И не забудьте принести Асклепию* в жертву петуха
Житель Афин по имени Критон сделал знак рабу, стоявшему поодаль. Тот, поняв намерение хозяина, с поклоном удалился. В помещении было довольно много людей. Все молчали и смиренно ждали. Раб отсутствовал долго и вернулся не один. За ним следовал охранник. Приговорённый даже не повернулся. Он, сложив руки за спиной, стоял и смотрел в окно. Сократ любовался видом безбрежного моря.
– Пора! – вошедший протянул узнику сосуд.
– Это то, о чём я думаю? – философ взял кубок.
– Да. Это твой выбор! – ответил Цикута.
– В таком случае ты обязан рассказать мне, что с ним делать. Сократ хотел поставить сосуд на стол, но передумал и держал его в своих руках.

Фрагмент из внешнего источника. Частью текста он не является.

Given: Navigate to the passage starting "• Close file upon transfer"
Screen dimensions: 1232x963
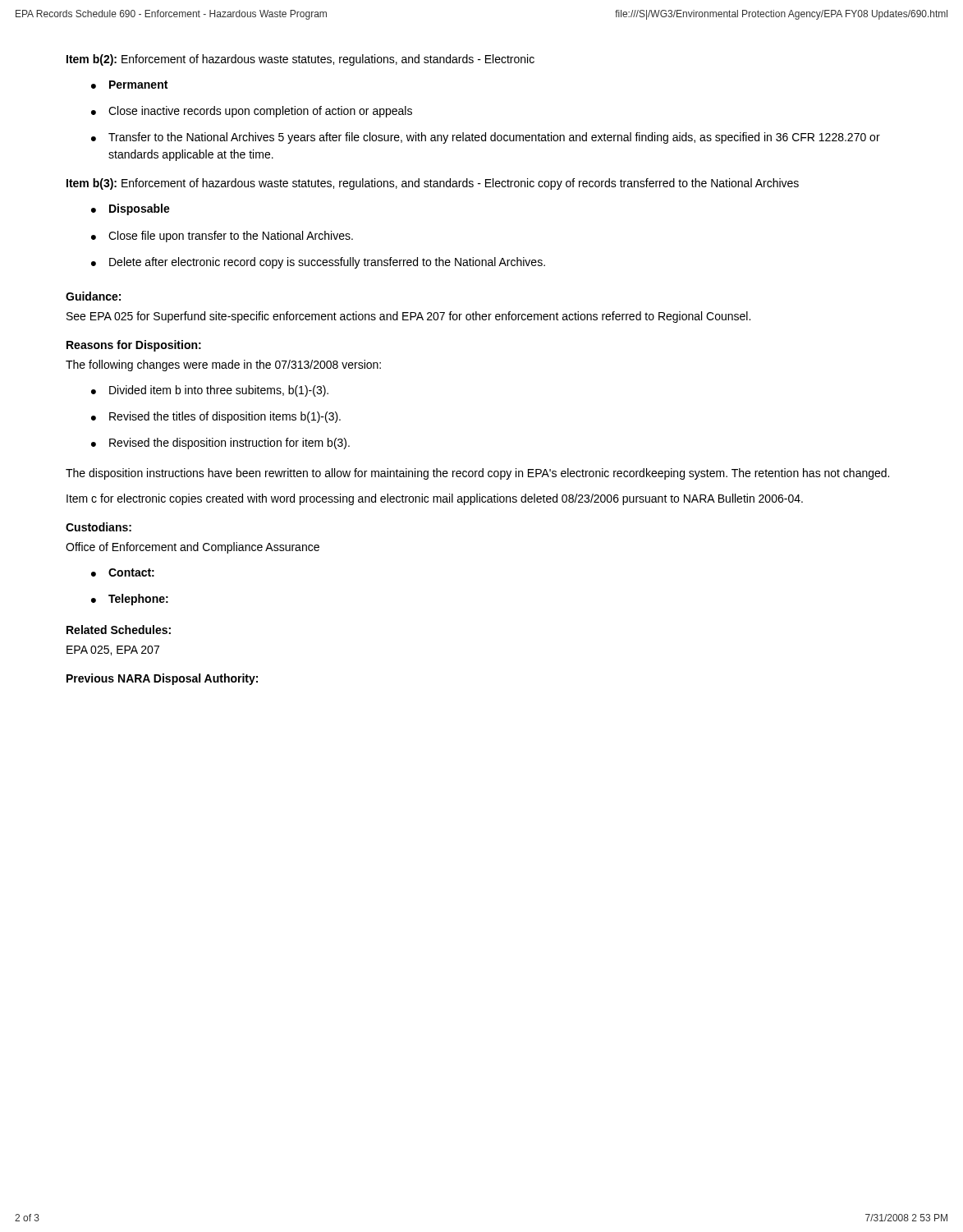Looking at the screenshot, I should (222, 237).

– Ты же понимаешь, что я сам напиток этот никогда не пробовал. Только поэтому сейчас и разговариваю с тобой. Но я расскажу, как с этим поступали другие, побывавшие в этой комнате, до тебя. Испей, то, что тебе судом определено, затем ходи по комнате из угла в угол, до той поры пока не настанет сильная тяжесть в ногах. Тогда опустись на это ложе. Уверяю, с него ты уже больше не встанешь. Пока голова твоя будет в состоянии рождать мысли – воздай должное нашим богам. Благодари их неустанно за переселение души в царство мёртвых. Да будет твоя дорога в земли Аида лёгкой. Скоро тебе представится возможность узреть Тартар и любоваться подземельями, куда великий Зевс низвергнул Кроноса и титанов.
– В таком случае отвечай: позволишь ли ты моим друзьям остаться здесь подле меня до последней минуты? Я поведаю им то, что увижу по дороге в Аид.
Охранник на мгновение задумался. Он хотел было ответить отказом, но потом со всей решительностью произнёс:
– Ареопаг, состоявшийся на холме Ареса, ни словом не упомянул в своём решении о твоих друзьях. Следовательно, они могут оставаться с тобой сколь угодно долго. Однако и я в таком случае останусь здесь. Ибо моё предназначение следить за порядком. И я обязан это делать.
***
Сократ, ещё раз посмотрел на кубок. Потом с улыбкой протянул его одному из своих друзей. Тот, выставив перед собой руки, отшатнулся.
– Не бойся, этот эликсир предназначен исключительно для меня. Как, по-твоему, друг мой Денсий, могу ли я сим напитком сделать возлияние кому-нибудь из наших великих богов или нет?
Однако за Денсия ответил Критон.
– Сократ, тебе ведь известно, что специально назначенные судом люди изготовили жидкость ровно в том количестве, которое тебе надобно выпить. Пей скорее. Смотри сколько народа желает видеть, как ты это сделаешь.
Все молча смотрели на философа. А он предался воспоминаниям. Перед глазами предстали Отец каменотёс и скульптор Софриниск, мать – известная повитуха Фенарета.
Вспомнил, как защищал афинских стратегов, осуждённых на смерть судом несправедливым, предвзятым. Перед его глазами предстал полководец Алкивиад, наставником которого он был долгие годы.
И даже спас ему жизнь в одном из боёв. Враги спартанцы хотели своими копьями добить раненого Алкивида, но тогда Сократ при помощи своей огромной дубины смог победить известных всей Греции воителей. Спустя несколько лет жестокий полководец, оправившись от ран, захватил власть в Афинах и установил диктатуру.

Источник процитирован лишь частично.